Data under study: Begin
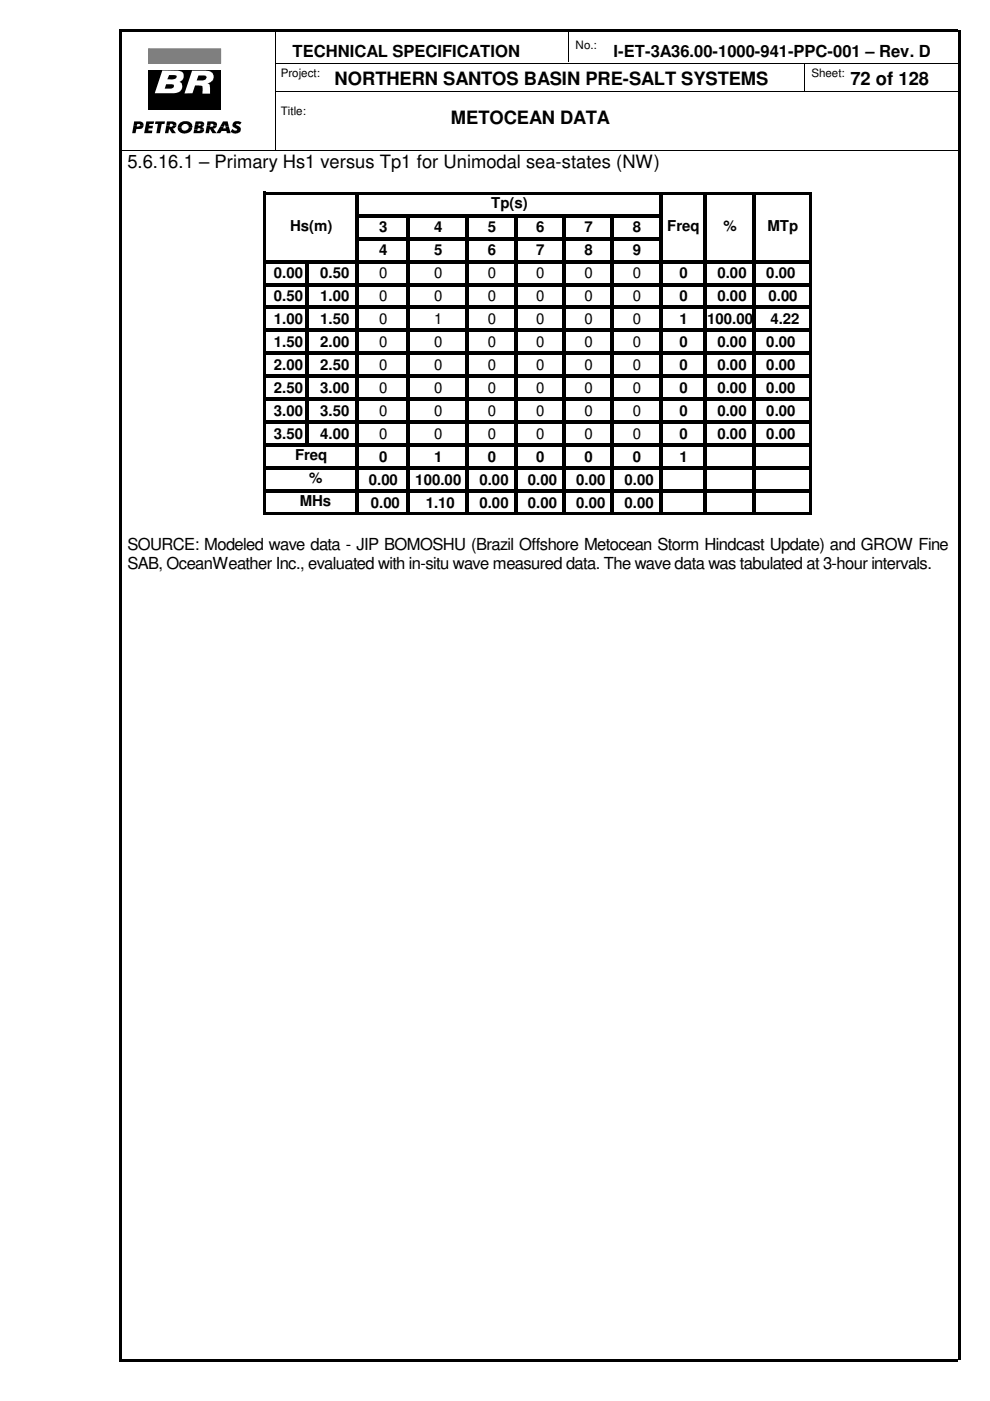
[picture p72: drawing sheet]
<svg xmlns="http://www.w3.org/2000/svg" width="210mm" height="297mm" viewBox="0 0 210 297" stroke-linecap="round" stroke-linejoin="round" font-family="sans-serif">
<defs><g id="words">
<g font-size="3.9">
<text x="71" y="18.1">NORTHERN SANTOS BASIN PRE-SALT SYSTEMS</text>
<text x="180.3" y="18.1">72 of 128</text>
<text x="95.6" y="26.2">METOCEAN DATA</text>
<text x="27" y="35.6">5.6.16.1 – Primary Hs1 versus Tp1 for Unimodal sea-states (NW)</text>
</g>
<g font-size="3.5">
<text x="62" y="12.1">TECHNICAL SPECIFICATION</text>
<text x="130.1" y="12.1">I-ET-3A36.00-1000-941-PPC-001 – Rev. D</text>
<text x="27" y="116.7">SOURCE: Modeled wave data - JIP BOMOSHU (Brazil Offshore Metocean Storm Hindcast Update) and GROW Fine</text>
<text x="27" y="120.7">SAB, OceanWeather Inc., evaluated with in-situ wave measured data. The wave data was tabulated at 3-hour intervals.</text>
</g>
<g font-size="3.2">
<text x="104.1" y="44.1">Tp(s)</text>
<text x="61.5" y="48.9">Hs(m)</text>
<text x="80.4" y="49.3">3</text>
<text x="92" y="49.3">4</text>
<text x="103.4" y="49.3">5</text>
<text x="113.7" y="49.3">6</text>
<text x="124" y="49.3">7</text>
<text x="134.2" y="49.3">8</text>
<text x="141.5" y="48.9">Freq</text>
<text x="153.4" y="48.9">%</text>
<text x="162.7" y="48.9">MTp</text>
<text x="58.1" y="59">0.00</text>
<text x="67.9" y="59">0.50</text>
<text x="80.4" y="54.1">4</text>
<text x="80.4" y="59">0</text>
<text x="92" y="54.1">5</text>
<text x="92" y="59">0</text>
<text x="103.4" y="54.1">6</text>
<text x="103.4" y="59">0</text>
<text x="113.7" y="54.1">7</text>
<text x="113.7" y="59">0</text>
<text x="124" y="59">0</text>
<text x="124" y="54.1">8</text>
<text x="134.2" y="59">0</text>
<text x="134.2" y="54.1">9</text>
<text x="144.1" y="59">0</text>
<text x="152.1" y="59">0.00</text>
<text x="162.5" y="59">0.00</text>
<text x="58.1" y="63.9">0.50</text>
<text x="67.9" y="63.9">1.00</text>
<text x="80.4" y="63.9">0</text>
<text x="92" y="63.9">0</text>
<text x="103.4" y="63.9">0</text>
<text x="113.7" y="63.9">0</text>
<text x="124" y="63.8">0</text>
<text x="134.2" y="63.8">0</text>
<text x="144.1" y="63.8">0</text>
<text x="152.1" y="63.8">0.00</text>
<text x="162.9" y="63.8">0.00</text>
<text x="58.1" y="68.7">1.00</text>
<text x="67.9" y="68.7">1.50</text>
<text x="80.4" y="68.7">0</text>
<text x="92" y="68.7">1</text>
<text x="103.4" y="68.7">0</text>
<text x="113.7" y="68.7">0</text>
<text x="124" y="68.7">0</text>
<text x="134.2" y="68.7">0</text>
<text x="144.1" y="68.7">1</text>
<text x="149.9" y="68.7">100.00</text>
<text x="163.4" y="68.7">4.22</text>
<text x="58.1" y="73.6">1.50</text>
<text x="67.9" y="73.6">2.00</text>
<text x="80.4" y="73.6">0</text>
<text x="92" y="73.6">0</text>
<text x="103.4" y="73.6">0</text>
<text x="113.7" y="73.6">0</text>
<text x="124" y="73.6">0</text>
<text x="134.2" y="73.6">0</text>
<text x="144.1" y="73.6">0</text>
<text x="152.1" y="73.6">0.00</text>
<text x="162.5" y="73.6">0.00</text>
<text x="58.1" y="78.5">2.00</text>
<text x="58.1" y="83.4">2.50</text>
<text x="67.9" y="78.5">2.50</text>
<text x="67.9" y="83.4">3.00</text>
<text x="80.4" y="78.5">0</text>
<text x="80.4" y="83.4">0</text>
<text x="92" y="78.5">0</text>
<text x="92" y="83.4">0</text>
<text x="103.4" y="78.5">0</text>
<text x="103.4" y="83.4">0</text>
<text x="113.7" y="78.5">0</text>
<text x="113.7" y="83.4">0</text>
<text x="124" y="78.4">0</text>
<text x="124" y="83.3">0</text>
<text x="134.2" y="78.4">0</text>
<text x="134.2" y="83.3">0</text>
<text x="144.1" y="78.4">0</text>
<text x="144.1" y="83.3">0</text>
<text x="152.1" y="78.4">0.00</text>
<text x="152.1" y="83.3">0.00</text>
<text x="162.5" y="78.4">0.00</text>
<text x="162.5" y="83.3">0.00</text>
<text x="58.1" y="88.2">3.00</text>
<text x="67.9" y="88.2">3.50</text>
<text x="80.4" y="88.2">0</text>
<text x="92" y="88.2">0</text>
<text x="103.4" y="88.2">0</text>
<text x="113.7" y="88.2">0</text>
<text x="124" y="88.2">0</text>
<text x="134.2" y="88.2">0</text>
<text x="144.1" y="88.2">0</text>
<text x="152.1" y="88.2">0.00</text>
<text x="162.5" y="88.2">0.00</text>
<text x="58.1" y="93.1">3.50</text>
<text x="67.9" y="93.1">4.00</text>
<text x="80.4" y="93.1">0</text>
<text x="92" y="93.1">0</text>
<text x="103.4" y="93.1">0</text>
<text x="113.7" y="93.1">0</text>
<text x="124" y="93">0</text>
<text x="134.2" y="93">0</text>
<text x="144.1" y="93">0</text>
<text x="152.1" y="93">0.00</text>
<text x="162.5" y="93">0.00</text>
<text x="62.6" y="97.6">Freq</text>
<text x="80.4" y="98">0</text>
<text x="92" y="98">1</text>
<text x="103.4" y="98">0</text>
<text x="113.7" y="98">0</text>
<text x="124" y="98">0</text>
<text x="134.2" y="98">0</text>
<text x="144.1" y="98">1</text>
<text x="63.5" y="107.4">MHs</text>
<text x="65.5" y="102.5">%</text>
<text x="78.2" y="102.8">0.00</text>
<text x="78.6" y="107.7">0.00</text>
<text x="88.1" y="102.8">100.00</text>
<text x="90.3" y="107.7">1.10</text>
<text x="101.6" y="107.7">0.00</text>
<text x="101.6" y="102.8">0.00</text>
<text x="111.9" y="107.7">0.00</text>
<text x="111.9" y="102.8">0.00</text>
<text x="122.2" y="107.7">0.00</text>
<text x="122.2" y="102.8">0.00</text>
<text x="132.4" y="102.8">0.00</text>
<text x="132.4" y="107.7">0.00</text>
</g>
<g font-size="2.5">
<text x="122" y="10.3">No.:</text>
<text x="59.5" y="16.3">Project:</text>
<text x="172" y="16.3">Sheet:</text>
<text x="59.5" y="24.5">Title:</text>
</g>
</g></defs>
<path d="M25.4 6.3h177.8v.5h-177.8zM25.4 288.2h177.8v.6h-177.8zM25.4 6.3h.5v281.9h-.5zM203.1 6.3h.5v281.9h-.5z" fill="#000"/>
<path d="M58.4 13.4h144.8M58.4 19.4h144.8M58.5 6.3v25.4M120.5 6.3v6.9M170.5 13.3v6.1M25.4 31.8h177.8" fill="none" stroke="#000" stroke-width=".21"/>
<path d="M31.5 15h15.3v8.4h-15.3z" fill-rule="evenodd" fill="#000"/>
<path d="M40.7 15h2.9a1.36 1.36 0 0 1 1.7 1.1 1.36 1.36 0 0 1-1.2 1.6h-.1l.4 .2 .1 .3v1.7h-1.6v-1.6l-.7-.2h-.8l-.6 1.7h-1.7z" fill-rule="evenodd" fill="#fff"/>
<path d="M31.5 10.3h15.3v3.2h-15.3z" fill-rule="evenodd" fill="#7f7f7f"/>
<path d="M31.5 10.3h15.3v3.2h-15.3z" fill="none" stroke="#7f7f7f" stroke-width=".21"/>
<path d="M42.1 16h1a.5 .5 0 0 1 .7 .4 .5 .5 0 0 1-.5 .6l-1.6 .1z" fill-rule="evenodd" fill="#000"/>
<path d="M34.4 14.9l3.2 .1a1.23 1.23 0 0 1 1.3 1 1.23 1.23 0 0 1-.8 1.4 1.17 1.17 0 0 1 .6 1.1 1.17 1.17 0 0 1-.8 1l-.9 .3h-4.2z" fill-rule="evenodd" fill="#fff"/>
<g fill="#000">
<path d="M35.2 17.9h.8a.52 .52 0 0 1 .6 0 .52 .52 0 0 1 .1 .6l-.5 .3h-1.3z" fill-rule="evenodd"/>
<path d="M35.9 15.9h1a.45 .45 0 0 1 .6 .4 .45 .45 0 0 1-.6 .5h-1.4z" fill-rule="evenodd"/>
<path d="M28.4 25.7l1.6 .1 .4 .4v.3h-.7l-.2-.2h-.4l-.1 .2h-.7z" fill-rule="evenodd"/>
<path d="M28.3 26.5h.7v.3h.5l.2-.3h.7a.99 .99 0 0 1-1.3 .8h-.2l-.2 .9h-.7z" fill-rule="evenodd"/>
<path d="M31 25.7h1.7l-.1 .6h-.9l-.1 .4h.8l-.1 .5h-.8v.5h.8l-.1 .5h-1.6z" fill-rule="evenodd"/>
<path d="M33 25.7h2l-.1 .6h-.6l-.4 1.9h-.8l.4-1.9h-.6z" fill-rule="evenodd"/>
<path d="M35.4 25.7l1.6 .1 .3 .2 .1 .6h-.7v-.2l-.3-.2h-.3l-.1 .4h-.7z" fill-rule="evenodd"/>
<path d="M35.3 26.6h.7l-.1 .3h.5l.3-.3h.7l-.3 .5-.5 .2 .7 .9h-.9l-.5-.9-.2 .9h-.7z" fill-rule="evenodd"/>
<path d="M38.1 26.2l.2-.2a1.61 1.61 0 0 1 2.5 .8v.2h-.8a.77 .77 0 0 0-.8-.7 .77 .77 0 0 0-.7 .7h-.8z" fill-rule="evenodd"/>
<path d="M37.7 27h.8a.76 .76 0 0 0 .7 .7 .76 .76 0 0 0 .8-.7h.8a1.6 1.6 0 0 1-1.5 1.3 1.6 1.6 0 0 1-1.6-1z" fill-rule="evenodd"/>
<path d="M41.3 26.5h.8l-.1 .2h.4l.2-.2h.7l-.3 .3-.3 .1 .4 .2 .2 .4h-.8l-.1-.3h-.4l-.1 .3h-.8z" fill-rule="evenodd"/>
<path d="M41.1 27.5h.8l-.1 .3 .5-.1 .2-.2h.8v.2l-.4 .4-.3 .1h-1.6z" fill-rule="evenodd"/>
<path d="M41.5 25.7l1.5 .1 .3 .3v.3l-.7 .1-.1-.3h-.4v.3h-.8z" fill-rule="evenodd"/>
<path d="M44 25.7l1.6 .1 .3 .3 .1 .5h-.7l-.3-.4h-.3l-.1 .4h-.7z" fill-rule="evenodd"/>
<path d="M43.9 26.6h.7l-.1 .3a.52 .52 0 0 0 .8-.3h.7l-.4 .5-.4 .2 .7 .9h-.9l-.5-.9-.2 .9h-.7z" fill-rule="evenodd"/>
<path d="M47.3 25.7h1l.2 1.1h-.7l-.1-.5-.2 .5h-.8z" fill-rule="evenodd"/>
<path d="M46.7 26.8h.8l-.2 .4h.6l-.1-.4h.7l.4 1.4h-.8l-.1-.4h-1l-.3 .4h-.8z" fill-rule="evenodd"/>
<path d="M49.6 25.9l.4-.2 .9 .1 .3 .2-.4 .5a.37 .37 0 0 0-.4-.3 .37 .37 0 0 0-.3 .3l.1 .1a.85 .85 0 0 1 .9 .9 .85 .85 0 0 1-1 .8l-.7-.1-.5-.3 .4-.6a.57 .57 0 0 0 .5 .4 .57 .57 0 0 0 .5-.3l-.4-.2a.74 .74 0 0 1-.3-1.3z" fill-rule="evenodd"/>
</g>
<g fill="#fff">
<path d="M26.8 9.6h.3v.3h-.3z"/>
<path d="M27.1 9.6h28.1v.3h-28.1z"/>
<path d="M55.2 9.6h.3v.3h-.3z"/>
<path d="M26.8 28.7h.3v.2h-.3z"/>
<path d="M27.1 28.7h28.1v.2h-28.1z"/>
<path d="M55.2 28.7h.3v.2h-.3z"/>
<path d="M26.8 9.9h.3v18.8h-.3z"/>
<path d="M55.2 9.9h.3v18.8h-.3z"/>
</g>
<g fill="#000">
<path d="M56.3 40.7h115.8v.5h-115.8zM56.3 55.1h115.8v.7h-115.8zM76.1 45.4h64.3v.7h-64.3zM76.1 50.2h64.3v.7h-64.3zM56.3 60h115.8v.7h-115.8zM56.3 64.9h115.8v.6h-115.8zM56.3 69.7h115.8v.7h-115.8zM56.3 74.6h115.8v.7h-115.8zM56.3 79.5h115.8v.6h-115.8zM56.3 84.3h115.8v.7h-115.8zM56.3 89.2h115.8v.7h-115.8zM56.3 94.1h115.8v.6h-115.8z"/>
<path d="M56.3 98.9h115.8v.7h-115.8zM64.8 55.8h.7v38.9h-.7zM55.8 40.7h.5v68.5h-.5zM56.3 103.8h115.8v.7h-115.8zM56.3 108.7h115.8v.5h-115.8zM75.4 41.2h.7v68h-.7zM86.2 46.1h.7v63.1h-.7zM98.7 46.1h.7v63.1h-.7zM109 46.1h.6v63.1h-.6zM119.2 46.1h.7v63.1h-.7zM129.5 46.1h.7v63.1h-.7zM139.7 41.2h.7v68h-.7z"/>
<path d="M149.1 41.2h.7v68h-.7zM159.4 41.2h.7v68h-.7zM171.6 41.2h.5v68h-.5z"/>
</g>
<use href="#words"/>
</svg>
Data under study: End
What is needed: Within the listing above, copy each line that has the string "stroke".

Solution for this exercise:
<svg xmlns="http://www.w3.org/2000/svg" width="210mm" height="297mm" viewBox="0 0 210 297" stroke-linecap="round" stroke-linejoin="round" font-family="sans-serif">
<path d="M58.4 13.4h144.8M58.4 19.4h144.8M58.5 6.3v25.4M120.5 6.3v6.9M170.5 13.3v6.1M25.4 31.8h177.8" fill="none" stroke="#000" stroke-width=".21"/>
<path d="M31.5 10.3h15.3v3.2h-15.3z" fill="none" stroke="#7f7f7f" stroke-width=".21"/>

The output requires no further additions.